I have haskell here with the best form of recursion: Self-recursion!

fibs = 1:1:zipWith (+) fibs (tail fibs)
fib n = fibs !! n

Here fibs is an infinite List of all fibonacci numbers, the !! function returns the nth element of the list.

#include <iostream>

constexpr long long fibonacci(long long i) {
    if (i <= 2) {
        return 1LL;
    }
    return fibonacci(i - 1) + fibonacci(i - 2);
}

int main() {
    std::cout << "Fibonacci of 27 is " << fibonacci(27) << std::endl;
    return 0;
}

Modern C++ can do it more simply, though - this uses constexpr to tell the compiler that it can calculate these at build time if it wants. Using a constexpr arg (here a literal), it probably will do, but we could also pass in a variable to make it calculate it at runtime.

#include <iostream>

template<long long i> long long fibonacci() {
    return fibonacci<i-1>() + fibonacci<i-2>();
}

template<> long long fibonacci<1>() {
    return 1;
}

template<> long long fibonacci<2>() {
    return 1;
}

int main() {
    std::cout << "Fibonacci of 27 is " << fibonacci<27>() << std::endl;
    return 0;
}

C++ can, of course, do it at build time with a bit of templates.

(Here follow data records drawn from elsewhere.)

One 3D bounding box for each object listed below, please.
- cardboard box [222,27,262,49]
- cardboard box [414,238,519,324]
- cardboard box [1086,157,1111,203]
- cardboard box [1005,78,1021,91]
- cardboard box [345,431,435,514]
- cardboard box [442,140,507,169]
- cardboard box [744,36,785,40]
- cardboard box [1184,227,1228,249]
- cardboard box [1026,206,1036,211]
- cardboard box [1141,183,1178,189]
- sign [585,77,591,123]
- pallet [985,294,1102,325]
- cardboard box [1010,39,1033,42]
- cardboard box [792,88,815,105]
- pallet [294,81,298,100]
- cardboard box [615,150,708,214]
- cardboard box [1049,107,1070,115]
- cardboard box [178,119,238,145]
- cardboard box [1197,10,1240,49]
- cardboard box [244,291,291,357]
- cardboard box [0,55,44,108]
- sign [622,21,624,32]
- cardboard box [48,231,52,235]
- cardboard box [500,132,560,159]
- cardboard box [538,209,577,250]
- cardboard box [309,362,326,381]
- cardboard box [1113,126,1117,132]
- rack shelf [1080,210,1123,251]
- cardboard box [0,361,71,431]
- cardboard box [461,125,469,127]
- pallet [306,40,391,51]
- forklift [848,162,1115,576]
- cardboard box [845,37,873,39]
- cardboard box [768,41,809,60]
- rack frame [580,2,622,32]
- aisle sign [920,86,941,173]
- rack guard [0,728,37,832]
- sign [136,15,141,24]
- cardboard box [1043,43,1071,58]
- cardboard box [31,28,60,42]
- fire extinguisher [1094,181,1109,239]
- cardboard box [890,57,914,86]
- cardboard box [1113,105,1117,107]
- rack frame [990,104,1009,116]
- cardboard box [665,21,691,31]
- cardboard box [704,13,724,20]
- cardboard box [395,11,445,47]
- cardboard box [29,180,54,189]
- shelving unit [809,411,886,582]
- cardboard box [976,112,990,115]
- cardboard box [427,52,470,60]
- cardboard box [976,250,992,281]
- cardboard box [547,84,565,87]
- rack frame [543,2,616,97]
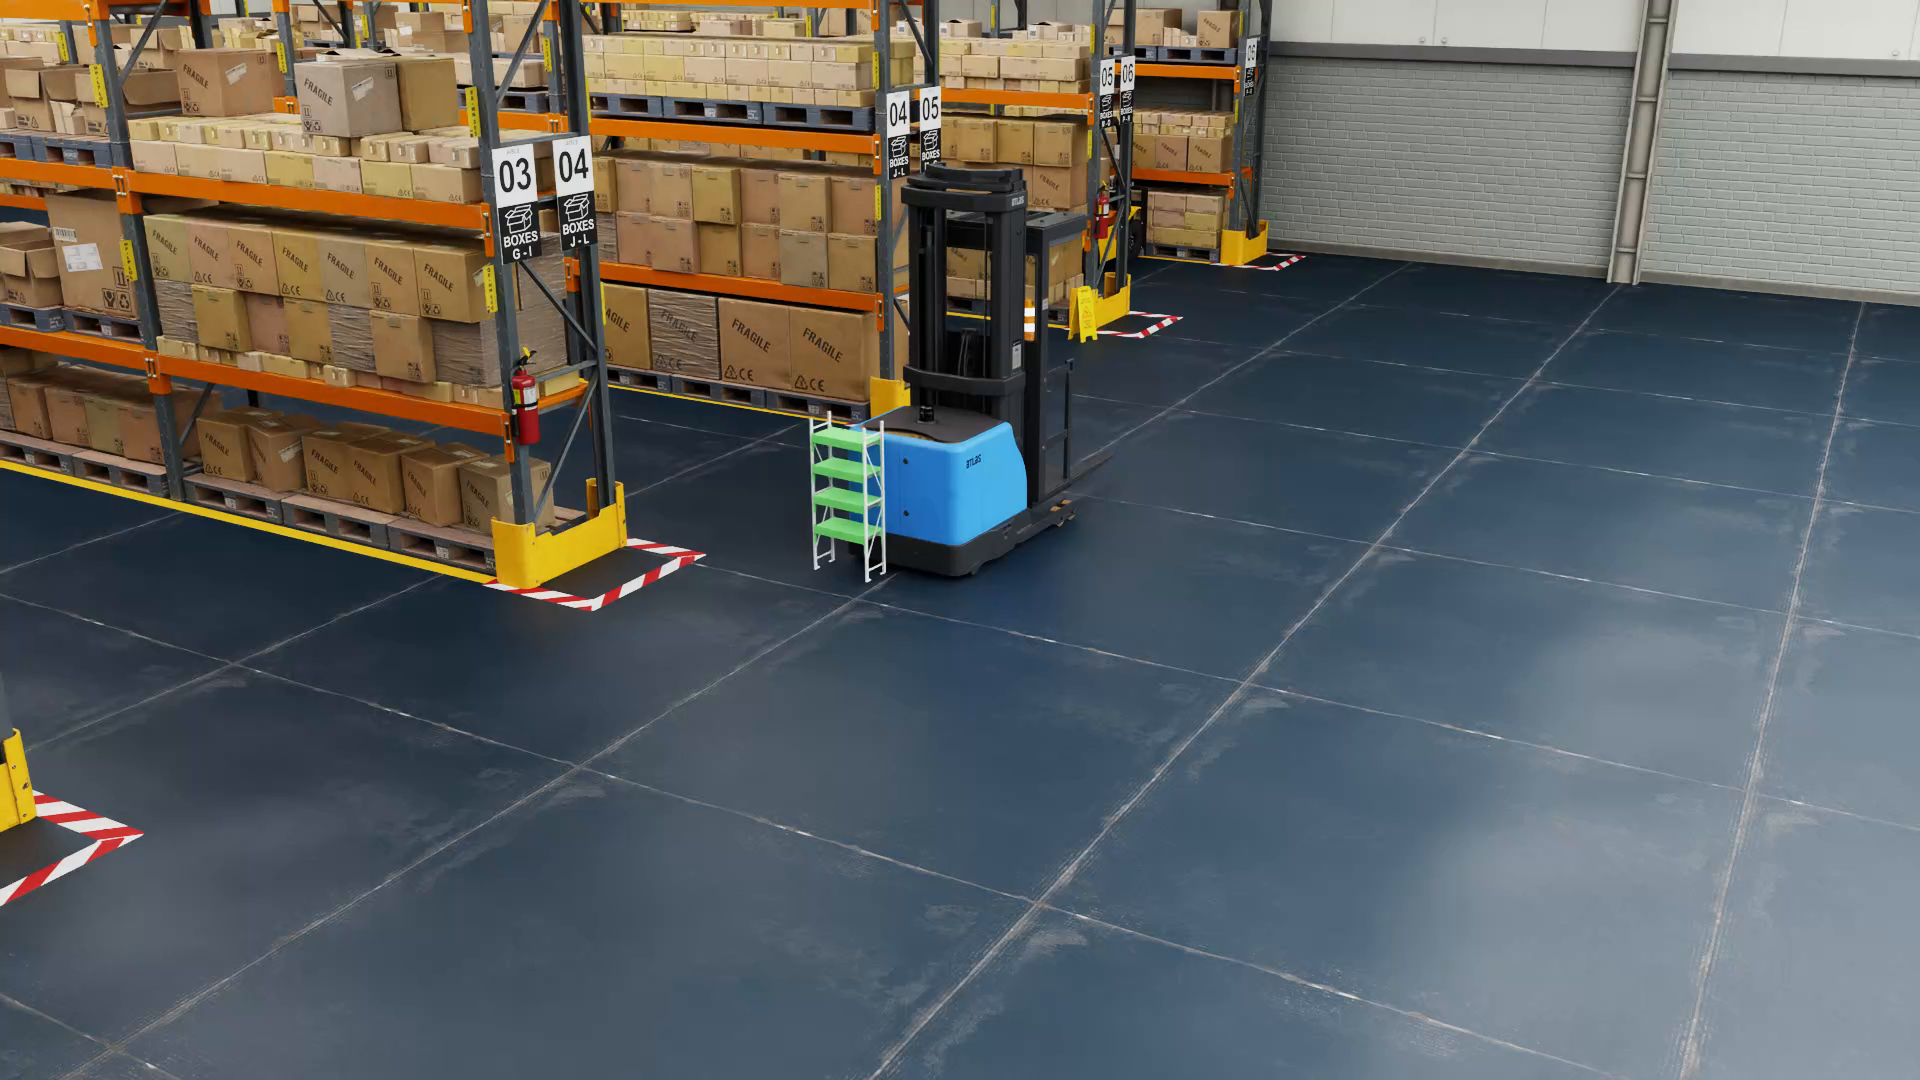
[{"bbox_3d":[-8.413,-5.903,19.572,0.258,0.266,0.396,11,23,27],"label":"cardboard box"},{"bbox_3d":[-3.602,-1.900,12.155,0.500,0.500,0.500,11,23,27],"label":"cardboard box"},{"bbox_3d":[1.554,-4.524,20.854,0.500,0.500,0.500,10,22,26],"label":"cardboard box"},{"bbox_3d":[0.747,-5.592,20.351,0.250,0.149,0.380,11,23,28],"label":"cardboard box"},{"bbox_3d":[-4.614,-0.556,13.548,0.500,0.500,0.500,13,24,32],"label":"cardboard box"},{"bbox_3d":[-3.396,-2.706,11.662,0.250,0.149,0.380,11,23,27],"label":"cardboard box"},{"bbox_3d":[-1.963,-5.001,16.790,0.250,0.149,0.380,11,23,28],"label":"cardboard box"},{"bbox_3d":[3.685,-4.543,24.906,0.500,0.250,0.500,11,23,28],"label":"cardboard box"},{"bbox_3d":[0.913,-4.114,20.676,0.250,0.149,0.380,10,22,26],"label":"cardboard box"},{"bbox_3d":[3.053,-5.333,25.619,0.500,0.250,0.500,11,22,27],"label":"cardboard box"},{"bbox_3d":[-2.737,-3.208,12.129,0.005,0.325,0.100,11,23,27],"label":"sign"},{"bbox_3d":[1.074,-3.023,21.389,1.213,0.211,1.003,11,23,27],"label":"pallet"},{"bbox_3d":[0.760,-6.136,20.682,0.250,0.149,0.380,11,23,27],"label":"cardboard box"},{"bbox_3d":[-1.394,-4.261,15.919,0.250,0.149,0.380,11,23,28],"label":"cardboard box"},{"bbox_3d":[-6.890,-5.246,19.305,1.003,0.211,1.213,12,23,30],"label":"pallet"},{"bbox_3d":[-3.144,-3.800,17.639,0.550,0.550,0.875,11,23,27],"label":"cardboard box"},{"bbox_3d":[1.565,-6.540,25.461,0.250,0.149,0.380,11,23,28],"label":"cardboard box"},{"bbox_3d":[-5.867,-3.196,13.014,0.250,0.149,0.380,11,23,28],"label":"cardboard box"},{"bbox_3d":[3.744,-7.356,23.939,0.500,0.500,0.500,12,23,29],"label":"cardboard box"},{"bbox_3d":[-5.225,-1.837,13.449,0.500,0.500,0.875,11,23,27],"label":"cardboard box"},{"bbox_3d":[-8.569,-4.074,14.919,0.500,0.500,0.500,11,23,28],"label":"cardboard box"},{"bbox_3d":[-4.886,-7.320,23.990,0.005,0.325,0.100,11,23,27],"label":"sign"},{"bbox_3d":[-12.764,-4.239,23.345,0.250,0.149,0.380,10,22,26],"label":"cardboard box"},{"bbox_3d":[-3.129,-2.867,12.106,0.250,0.149,0.380,11,22,27],"label":"cardboard box"},{"bbox_3d":[-4.572,-3.405,18.205,0.500,0.500,0.500,11,22,27],"label":"cardboard box"},{"bbox_3d":[-4.896,-1.374,13.122,0.250,0.149,0.380,11,23,27],"label":"cardboard box"},{"bbox_3d":[2.504,-6.254,25.111,0.250,0.149,0.380,11,22,27],"label":"cardboard box"},{"bbox_3d":[0.086,-4.170,21.517,4.000,0.370,1.077,11,23,27],"label":"rack shelf"},{"bbox_3d":[-8.900,-1.394,15.829,0.500,0.500,0.700,9,22,23],"label":"cardboard box"},{"bbox_3d":[-7.052,-6.285,24.679,0.500,0.500,0.500,10,22,26],"label":"cardboard box"},{"bbox_3d":[-9.353,-7.679,25.866,1.213,0.211,1.003,11,23,27],"label":"pallet"},{"bbox_3d":[0.321,-1.561,13.370,1.130,2.935,3.031,12,23,29],"label":"forklift"},{"bbox_3d":[-1.303,-6.324,21.199,0.250,0.149,0.380,12,23,29],"label":"cardboard box"},{"bbox_3d":[-1.621,-4.679,15.902,0.250,0.149,0.380,11,23,28],"label":"cardboard box"},{"bbox_3d":[-5.152,-8.326,23.122,0.127,3.000,1.000,11,23,27],"label":"rack frame"},{"bbox_3d":[-0.286,-3.985,16.139,0.004,0.787,0.394,11,23,27],"label":"aisle sign"},{"bbox_3d":[-5.506,1.426,8.702,0.348,0.500,1.175,11,23,27],"label":"rack guard"},{"bbox_3d":[-10.703,-6.685,21.660,0.005,0.325,0.100,11,23,27],"label":"sign"},{"bbox_3d":[1.186,-5.865,19.935,0.250,0.149,0.380,11,23,28],"label":"cardboard box"},{"bbox_3d":[-11.612,-6.454,21.263,0.250,0.149,0.380,11,23,29],"label":"cardboard box"},{"bbox_3d":[1.707,-3.983,20.060,0.183,0.674,0.296,11,23,27],"label":"fire extinguisher"},{"bbox_3d":[-0.790,-4.566,16.175,0.500,0.250,0.500,11,23,27],"label":"cardboard box"},{"bbox_3d":[2.286,-6.625,25.696,0.250,0.149,0.380,11,22,27],"label":"cardboard box"},{"bbox_3d":[0.757,-6.319,26.387,0.127,3.000,1.000,11,23,27],"label":"rack frame"},{"bbox_3d":[-4.805,-8.770,28.350,0.250,0.149,0.380,11,23,28],"label":"cardboard box"},{"bbox_3d":[-4.091,-8.795,28.012,0.250,0.149,0.380,10,22,26],"label":"cardboard box"},{"bbox_3d":[-8.016,-7.593,24.737,0.500,0.500,0.500,10,22,26],"label":"cardboard box"},{"bbox_3d":[-11.983,-4.951,22.031,0.500,0.500,0.500,10,22,26],"label":"cardboard box"},{"bbox_3d":[-0.842,-0.327,12.507,0.503,1.200,0.258,13,23,31],"label":"shelving unit"},{"bbox_3d":[0.351,-6.662,26.233,0.250,0.149,0.380,12,23,29],"label":"cardboard box"},{"bbox_3d":[-5.623,-5.189,18.241,0.500,0.311,0.500,10,22,25],"label":"cardboard box"},{"bbox_3d":[0.548,-3.574,21.137,0.500,0.500,0.500,12,23,29],"label":"cardboard box"},{"bbox_3d":[-7.397,-8.398,30.802,0.500,0.500,0.500,10,22,26],"label":"cardboard box"},{"bbox_3d":[-3.986,-6.171,17.179,0.127,3.000,1.000,11,23,27],"label":"rack frame"}]

Here, we're definitely recursing - twice, because it's simpler. At runtime, it's just printing the value out that's been calculated by the compiler during the build.

def fib(arg):
  curr, prev = 1, 1
  n = int(arg)
  if n != arg or n <= 0:
    raise ValueError("Argument must be positive integer")
  if n <= 2:
    return 1
  for count in range(n - 2):
    curr, prev = curr + prev, curr
  return curr

Quick bit of Python. The error handling probably isn't complete, but Python has the useful benefit here that it has native, transparent, Big Number support - you can do fib(10000) if you want (or much higher if you have the memory).

But yeah, I just noticed Douglas wanted a recusrive algorithm, whereas I've done it iteratively without thinking. In general, iterative solutions will execute faster - though this isn't always the case.

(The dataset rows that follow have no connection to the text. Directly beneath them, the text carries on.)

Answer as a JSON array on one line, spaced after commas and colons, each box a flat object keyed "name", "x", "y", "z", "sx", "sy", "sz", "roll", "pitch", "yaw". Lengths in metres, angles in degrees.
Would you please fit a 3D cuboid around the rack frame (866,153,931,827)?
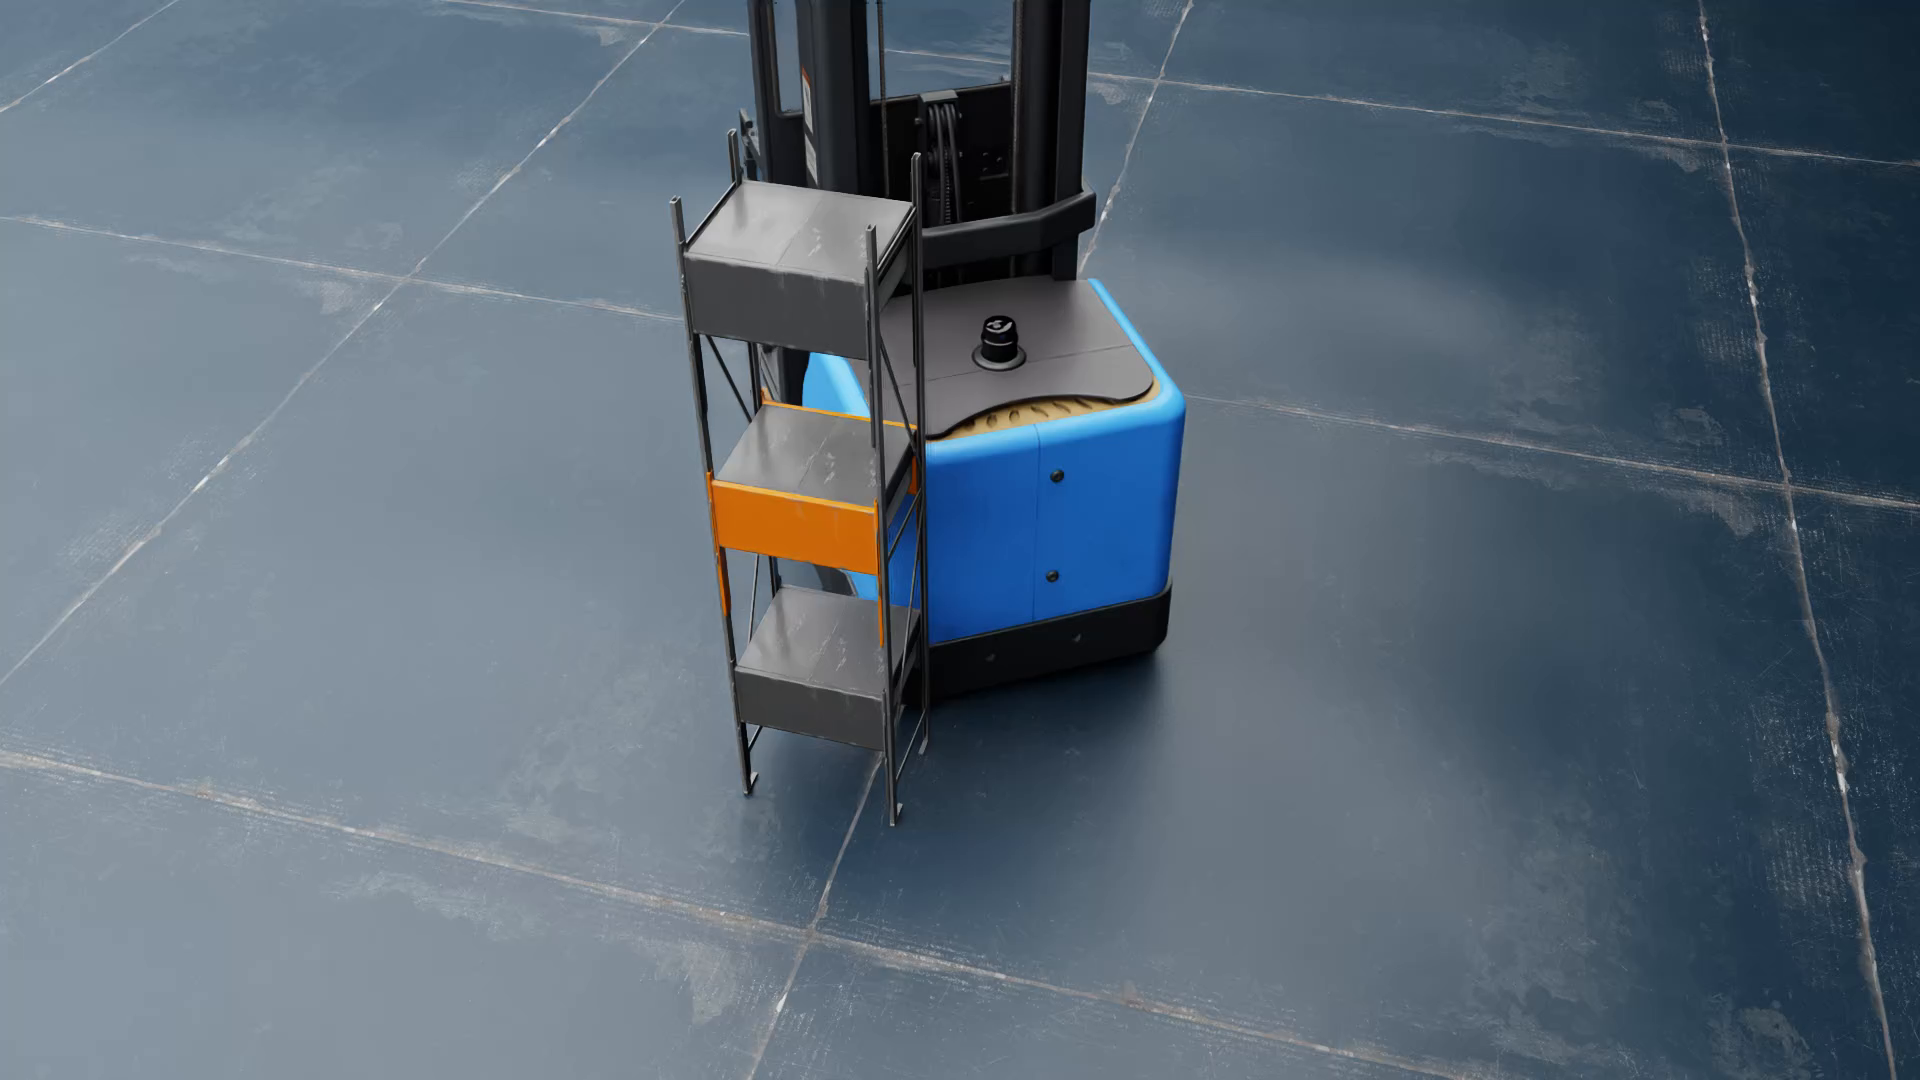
[{"name": "rack frame", "x": -0.158, "y": -0.034, "z": 4.657, "sx": 0.015, "sy": 2.100, "sz": 0.400, "roll": 10, "pitch": 41, "yaw": 12}]

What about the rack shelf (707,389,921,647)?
[{"name": "rack shelf", "x": -0.393, "y": -0.065, "z": 4.716, "sx": 0.480, "sy": 0.518, "sz": 0.431, "roll": 10, "pitch": 41, "yaw": 12}]

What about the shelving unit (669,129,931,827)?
[{"name": "shelving unit", "x": -0.393, "y": -0.076, "z": 4.708, "sx": 0.503, "sy": 2.100, "sz": 0.431, "roll": 10, "pitch": 41, "yaw": 12}]

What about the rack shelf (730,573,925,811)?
[{"name": "rack shelf", "x": -0.393, "y": 0.471, "z": 5.167, "sx": 0.480, "sy": 0.518, "sz": 0.431, "roll": 10, "pitch": 41, "yaw": 12}]

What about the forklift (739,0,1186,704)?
[{"name": "forklift", "x": -0.214, "y": -1.536, "z": 5.800, "sx": 1.130, "sy": 2.935, "sz": 3.031, "roll": -12, "pitch": 41, "yaw": -13}]

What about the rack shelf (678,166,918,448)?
[{"name": "rack shelf", "x": -0.393, "y": -0.601, "z": 4.266, "sx": 0.480, "sy": 0.518, "sz": 0.431, "roll": 10, "pitch": 41, "yaw": 12}]

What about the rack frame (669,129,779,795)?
[{"name": "rack frame", "x": -0.628, "y": -0.118, "z": 4.758, "sx": 0.015, "sy": 2.100, "sz": 0.400, "roll": 10, "pitch": 41, "yaw": 12}]

As a Ruby fan, I'm sure glad Ruby has such a great ambassador in here.

Funge++:

v   >:1-\2-101O\101O+B
 :1`|
    >$1B
>&:!#v_101O.55+,
     @

I did this some time ago in Rust.

My first approach (the naive one) is very similar to @rapidnerd 's (George Marr's) solution in R and @andreanidouglas ' (Douglas R Andreani's) solution in Python:

fn fib(n: u64) -> u64 {
  match n {
    0 => 0,
    1 => 1,
    _ => fib(n-1) + fib(n-2),
  }
}

I realized that this solution quickly exceeded in execution time for n > 40, so I optimized it using a mathematical theorem:

Given that n and p are integers, and that n = 2p + 1, i. e. n is odd, the n-th fibonacci number is then

fib(n) = fib(p + (p+1)) = fib(p)² + fib(p+1)²

This means, we can break down numbers with odd indices into to numbers with about the half of the index – and do this again and again and again. This dramatically reduces execution time:

fn fib_fast(n: u64) -> u64 {
  match n {
    0 => 0,
    1 => 1,

    // even
    _ if n % 2 == 0 => fib_fast(n-1) + fib_fast(n-2),

    // odd
    _ => {
      let a = (n-1)/2;
      let b = n-a;
      let fib_a = fib_fast(a);
      let fib_b = fib_fast(b);
      return fib_a*fib_a + fib_b*fib_b;
    },
  }
}

Inspired by @avalander 's answer, I also added this even faster algorithm:

fn fib_super_fast(n: u64, i: u64, curr: u64, prev: u64) -> u64 {
  if i >= n {
    return curr;
  }

  return fib_super_fast(n, i + 1, curr + prev, curr);
}

fib_fast and fib_super_fast execute within microseconds even for higher indices. However, indices of 94 and higher cause a crash:

thread 'main' panicked at 'attempt to add with overflow', src/main.rs:42:35

Some performance measurements:

Enter n:
5
fib_super_fast(n) = 5 (0µs)
fib_fast(n)       = 5 (0µs)
fib(n)            = 5 (1µs)

Enter n:
20
fib_super_fast(n) = 6765 (1µs)
fib_fast(n)       = 6765 (10µs)
fib(n)            = 6765 (536µs)

Enter n:
40
fib_super_fast(n) = 102334155 (1µs)
fib_fast(n)       = 102334155 (54µs)
fib(n)            = 102334155 (1908011µs)

Enter n:
45
fib_super_fast(n) = 1134903170 (2µs)
fib_fast(n)       = 1134903170 (15µs)
fib(n)            = 1134903170 (21216762µs)

Enter n:
90
fib_super_fast(n) = 2880067194370816120 (2µs)
fib_fast(n)       = 2880067194370816120 (958µs)

Enter n:
93
fib_super_fast(n) = 12200160415121876738 (3µs)
fib_fast(n)       = 12200160415121876738 (152µs)

Enter n:
94
thread 'main' panicked at 'attempt to add with overflow', src/main.rs:42:35

Common Lisp!

(defun fib (n &optional (curr 0) (next 1)) 
  (if (zerop n) 
      curr 
      (fib (1- n) next (+ curr next))))

(and for the TCO crowd... it's implementation dependent, so YMMV)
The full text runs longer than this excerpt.